Alguém me pergunta: a partir de que idade
é certo levar uma criança para um velório de caixão
aberto?
Cedo, soube o que era a morte e como era um morto. Ainda pequeno, acompanhei
os enterros de familiares e amigos dos meus pais. E, sobretudo, quando
eu tinha por volta de 11 anos, meu avô se apagou progressivamente
nos meus braços, enquanto o sangue jorrava da garganta dele,
a jatos longos e descontínuos, pelo buraco aberto de sua traqueostomia
- a aorta tinha estourado, alcançada por um tumor.

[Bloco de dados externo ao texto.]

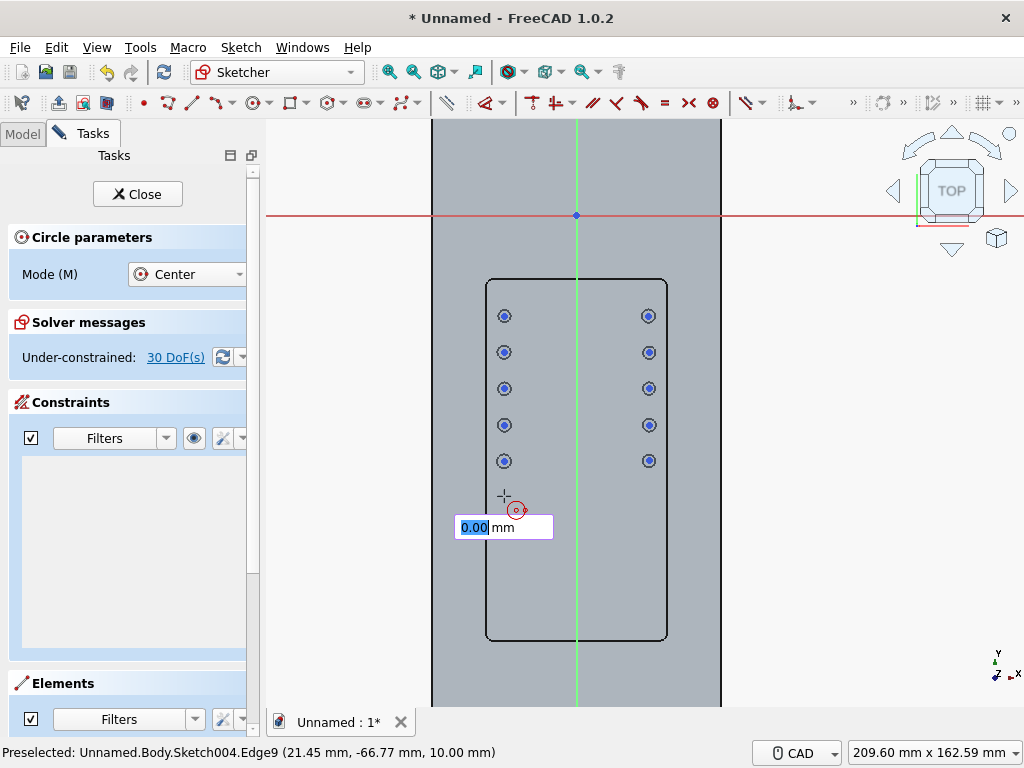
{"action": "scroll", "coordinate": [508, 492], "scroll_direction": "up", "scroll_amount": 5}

Minha avó se desesperava gritando
e berrando pelo quarto. Minha mãe tentava acalmar minha avó
e evitar que ela fizesse pior do que se arrancar os cabelos. Meu pai
estava voltando para casa e fez milagres, chegou antes da ambulância,
mas, mesmo assim, tarde demais: para olhar nos olhos de meu avô
enquanto a vida o deixava, só sobrei eu.
Depois, ajudei a lavar e vestir seu
corpo. Escolhi a gravata e os sapatos. Ele foi velado em casa, durante
três dias, para que os parentes tivessem o tempo de chegar do
Centro-Itália. Durante esse tempo, várias vezes, de dia
e de noite, fiquei no quarto dele, para lhe fazer companhia.
Por isso, os mortos são para
mim presenças familiares --e singulares: acho que cada um deles
tem uma expressão própria, como se o caráter de
quem nos deixou fosse reconhecível depois da morte.

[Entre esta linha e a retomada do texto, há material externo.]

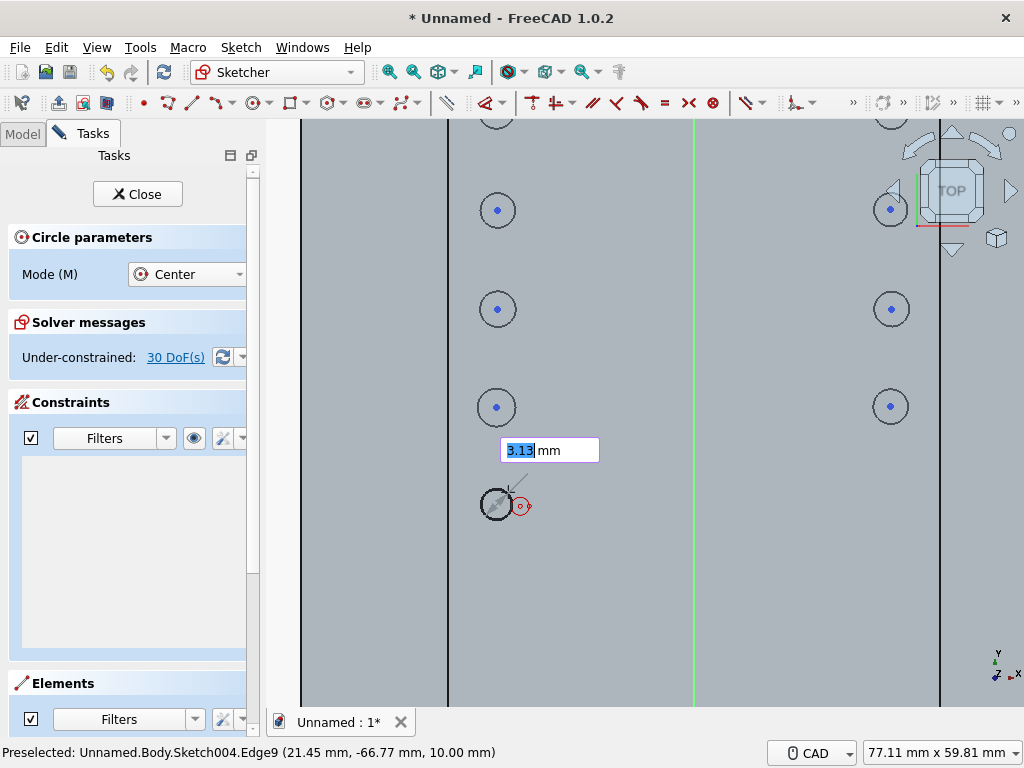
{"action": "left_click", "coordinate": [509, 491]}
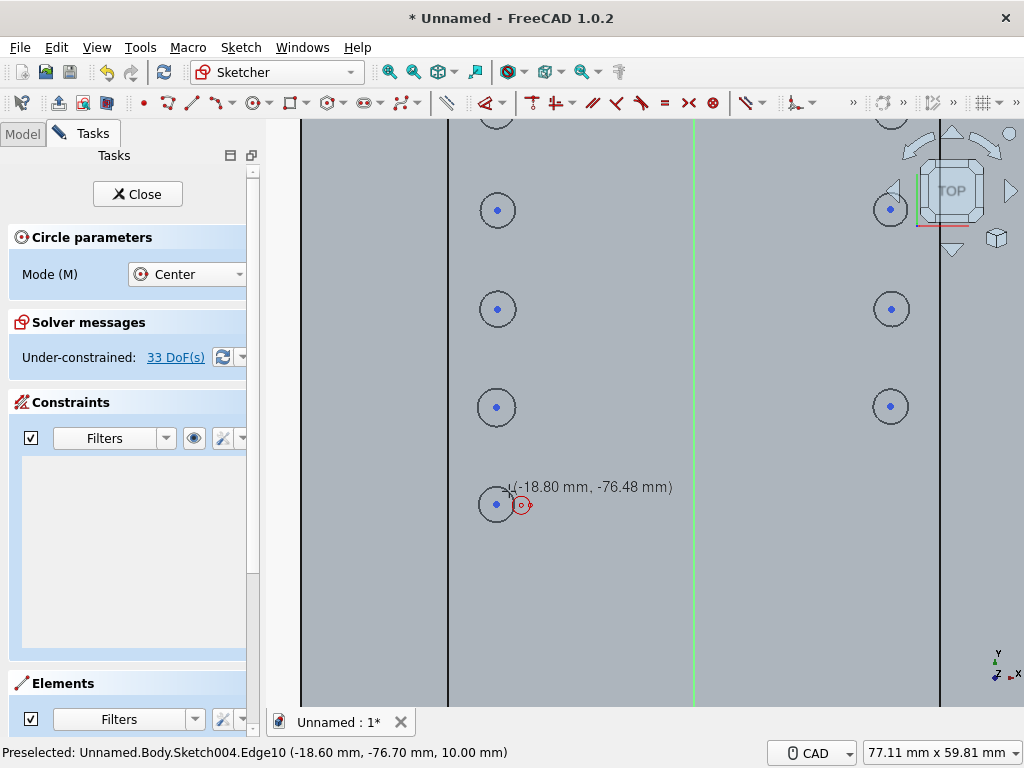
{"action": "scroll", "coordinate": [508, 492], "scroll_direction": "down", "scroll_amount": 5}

Aos 11 anos, eu ainda tinha medo do
escuro - o medo só passou quando me tornei adulto, ou seja, quando
eu tive que proteger alguém que estava com mais medo do que eu.
Mas algo mudou com a morte do meu avô: entre os monstros que povoavam
o escuro, não houve mais mortos e fantasmas - desde então,
se eles compareceram, sempre foi na luz, e foram bem-vindos.
Agora, muitos pais temem que uma experiência
precoce da morte seja impossível ou não seja boa para
as crianças. Às vezes, alguém me pergunta: até
que idade devemos esconder das crianças que alguém morreu?
A partir de que idade seria certo levar uma criança para um velório
de caixão aberto?
Não conheço nada, em psicologia
do desenvolvimento, que nos diga a partir de quando uma criança
entende o que é a morte (claro, a partir dos sete anos - estágio
operatório concreto - qualquer criança vai entender melhor
do que entre os dois e os sete). Também, nos estudos da dinâmica
afetiva do luto, não tem nada (que eu saiba) que nos diga com
certeza a partir de que idade uma criança deve poder encarar
a morte de um próximo. Os pais podem dar um google em "Luto
em Crianças" ou em "Child Bereavement": eles encontrarão
uma série de sites que oferecem conselhos honestos e bem pensados.
Mas vai ser difícil encontrar uma resposta argumentada clínica
e "cientificamente". A leitura de um famoso estudo longitudinal,
o MGH/Harvard Child Bereavement Study, tende a sugerir que as crianças
e os jovens participem das cerimônias fúnebres quando seus
pais morrem - mas, de novo, é só uma sugestão.
A decisão fica com os adultos.
E é justo que seja assim, por uma razão simples: quando
ajudamos as crianças a não enxergar a morte, não
estamos protegendo as crianças - as quais se protegem muito bem
sozinhas e são, em geral, muito mais vigorosas (mentalmente)
do que a gente imagina. Quando agimos dessa forma, repito, não
estamos protegendo as crianças, mas a "Infância",
ou seja, a visão ideal que nós, adultos, temos das crianças;
nessa visão, não há espaço nem para a morte
nem para o pensamento da morte, só há espaço para
uma encenação permanente da felicidade e do brincar, que
é a careta que nós chamamos de infância sorridente.
Mas a morte é aqui apenas um
exemplo. A lista é longa das coisas que gostaríamos de
manter afastadas de nossa visão idealizada da infância
e que, portanto, escondemos das crianças. Isso aqui, só
depois dos 14. Que 14? Só depois dos 16 ou dos 18.
Há os que tentam esconder tudo
das crianças, porque querem "preservá-las".
E há os que acham que nada deveria ser escondido das crianças,
porque tudo é "natural", tudo é "bonito",
nada é vergonhoso.
Os dois grupos são menos opostos
do que parece. Em ambos os casos, os adultos mostram coisas às
crianças ou escondem coisas delas por uma mesma razão:
para preservar sua visão de um mundo encantado e infantil, onde
todos são "felizes" e tudo é "legal".
Esse mundo não é o das crianças; é o mundo
dos sonhos dos adultos.
Enfim, voltarei ao tema por um viés
menos de Quinta-feira Santa: o que mostramos às crianças
ou escondemos delas em matéria de sexo.